What is needed = Transcribe the line containing "Now the van or camper (1011,802,1103,903)." and every line after it, exactly, through the end of the records.

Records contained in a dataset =
——————

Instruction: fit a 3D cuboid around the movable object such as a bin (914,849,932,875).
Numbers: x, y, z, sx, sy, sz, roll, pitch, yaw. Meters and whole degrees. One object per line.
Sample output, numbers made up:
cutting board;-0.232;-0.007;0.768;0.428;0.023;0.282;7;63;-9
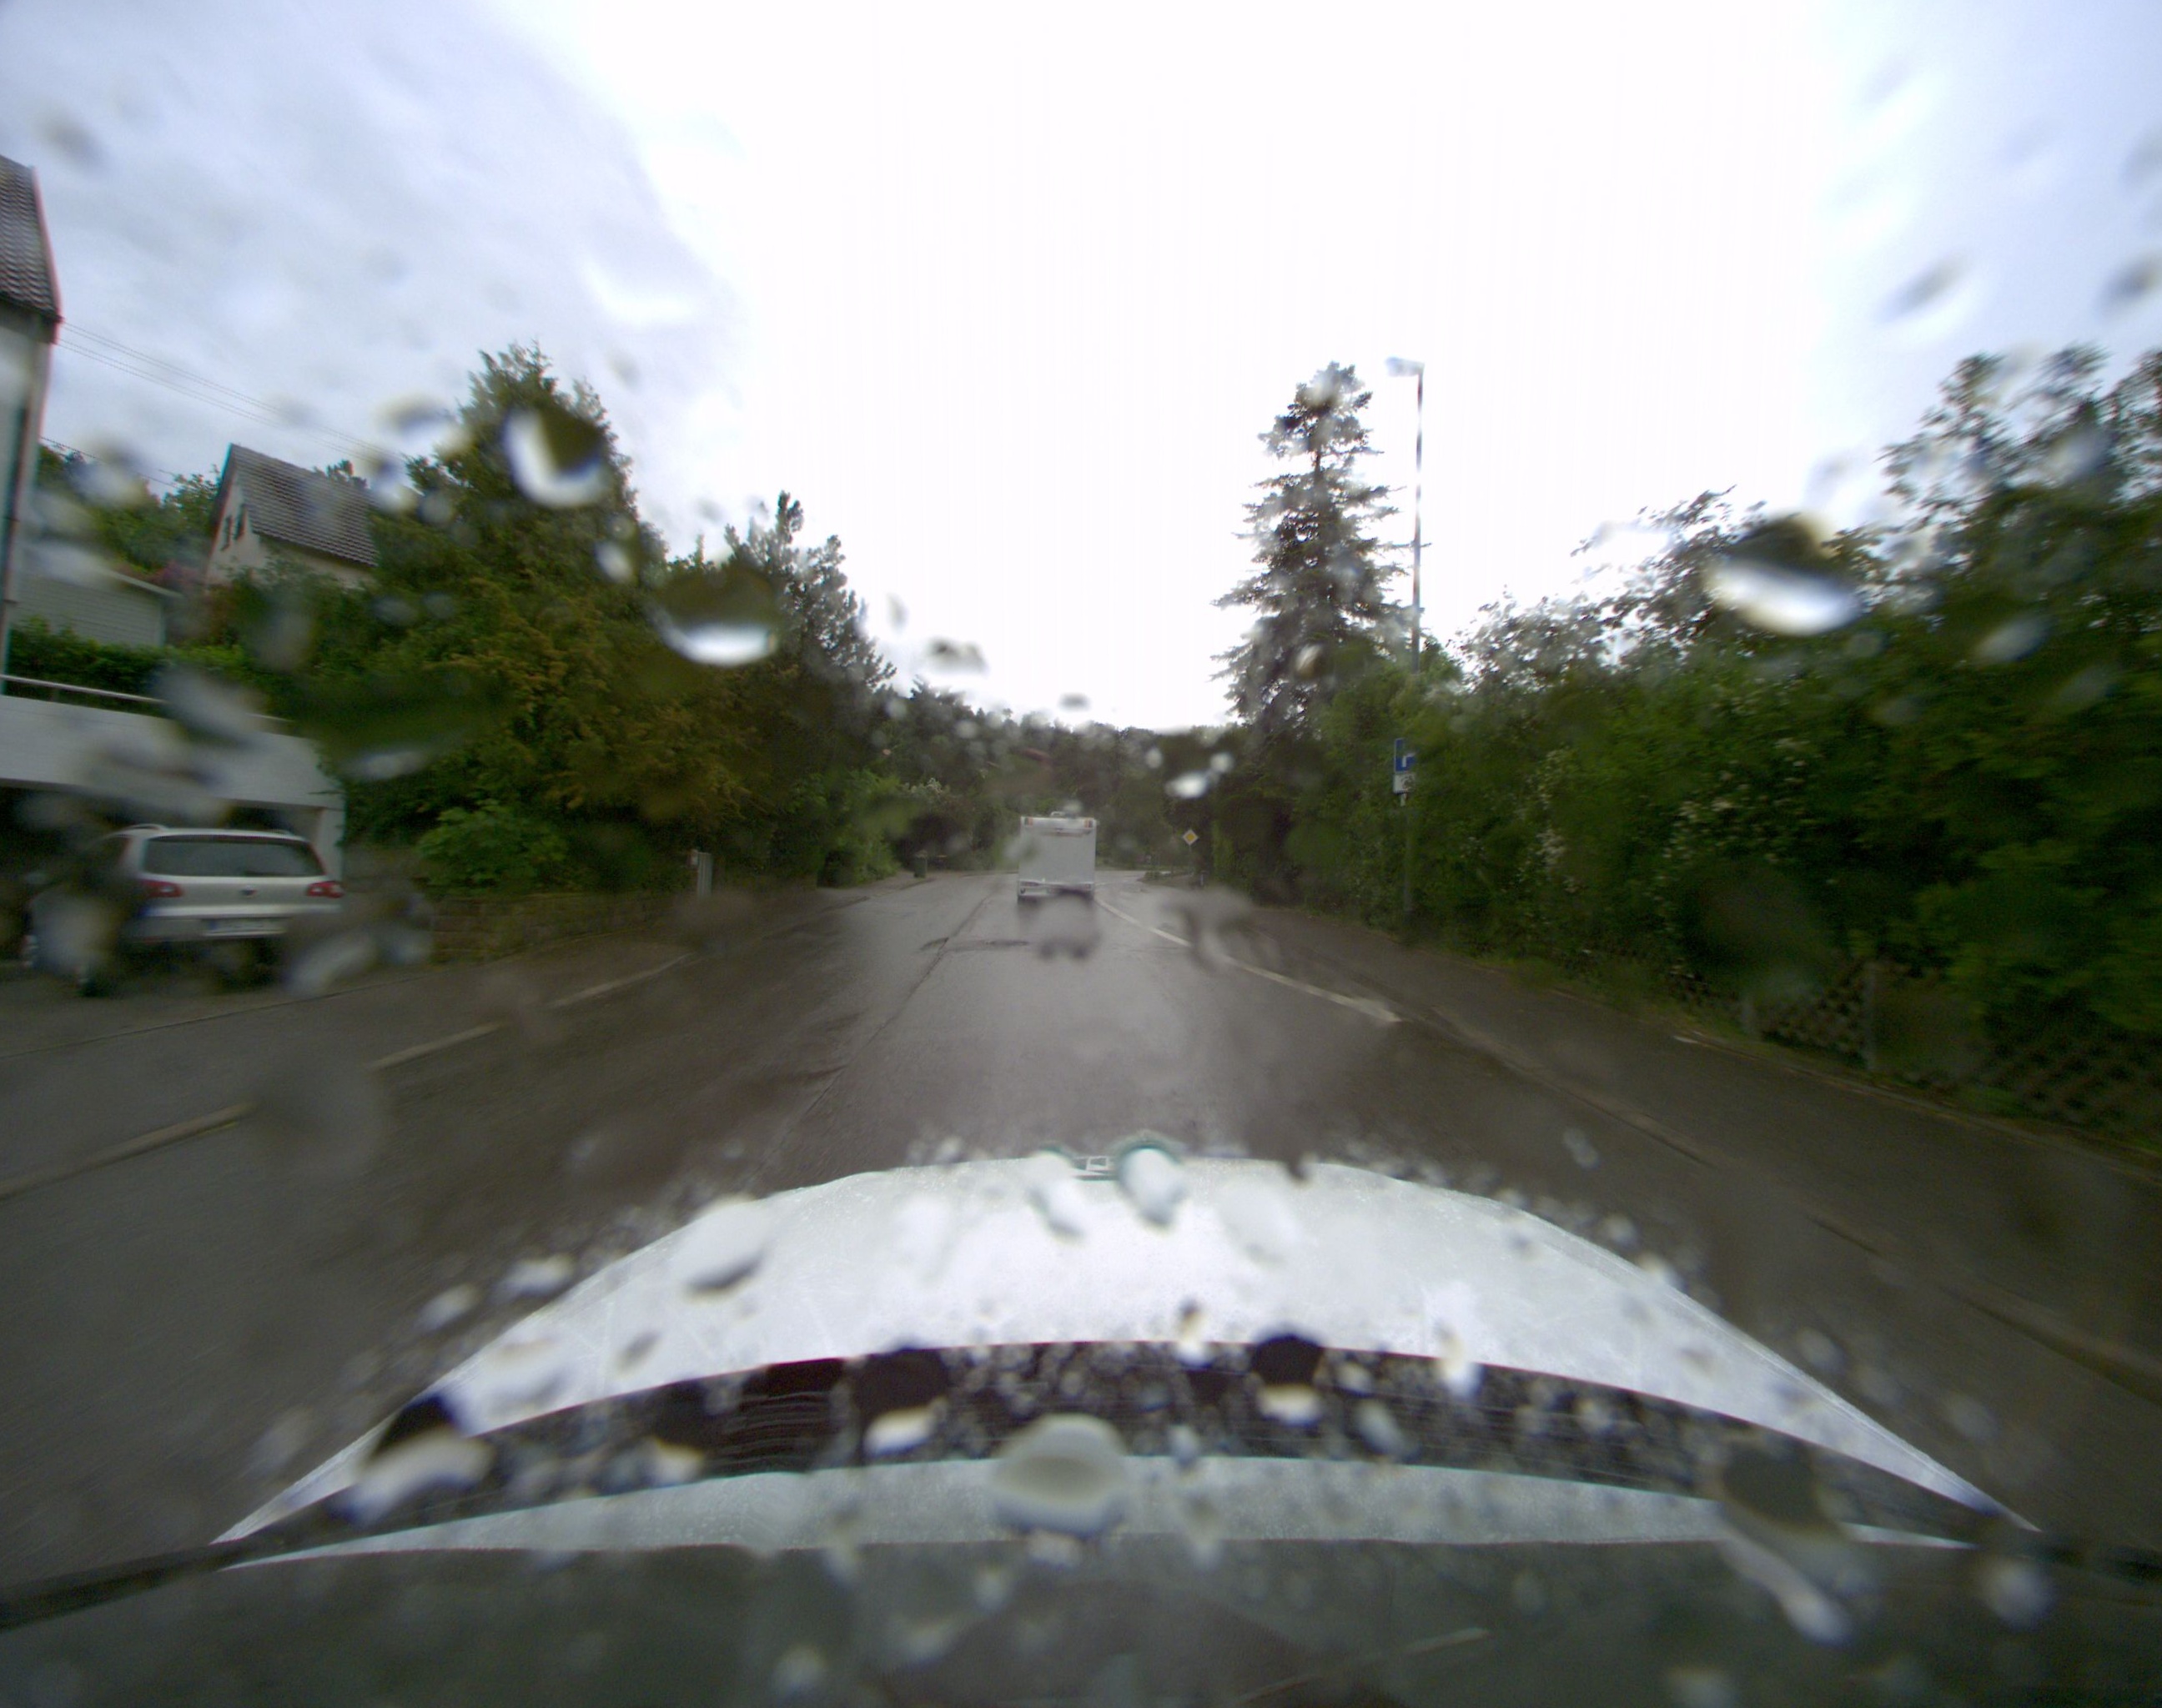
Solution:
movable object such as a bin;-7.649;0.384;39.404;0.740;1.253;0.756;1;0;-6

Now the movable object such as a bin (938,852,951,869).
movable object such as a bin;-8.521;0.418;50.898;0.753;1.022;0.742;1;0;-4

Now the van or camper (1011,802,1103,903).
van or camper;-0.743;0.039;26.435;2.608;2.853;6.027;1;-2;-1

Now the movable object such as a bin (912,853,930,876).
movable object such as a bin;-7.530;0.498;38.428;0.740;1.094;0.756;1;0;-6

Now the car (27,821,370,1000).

——————

Answer space =
Now the van or camper (1011,802,1103,903).
van or camper;-0.743;0.039;26.435;2.608;2.853;6.027;1;-2;-1

Now the movable object such as a bin (912,853,930,876).
movable object such as a bin;-7.530;0.498;38.428;0.740;1.094;0.756;1;0;-6

Now the car (27,821,370,1000).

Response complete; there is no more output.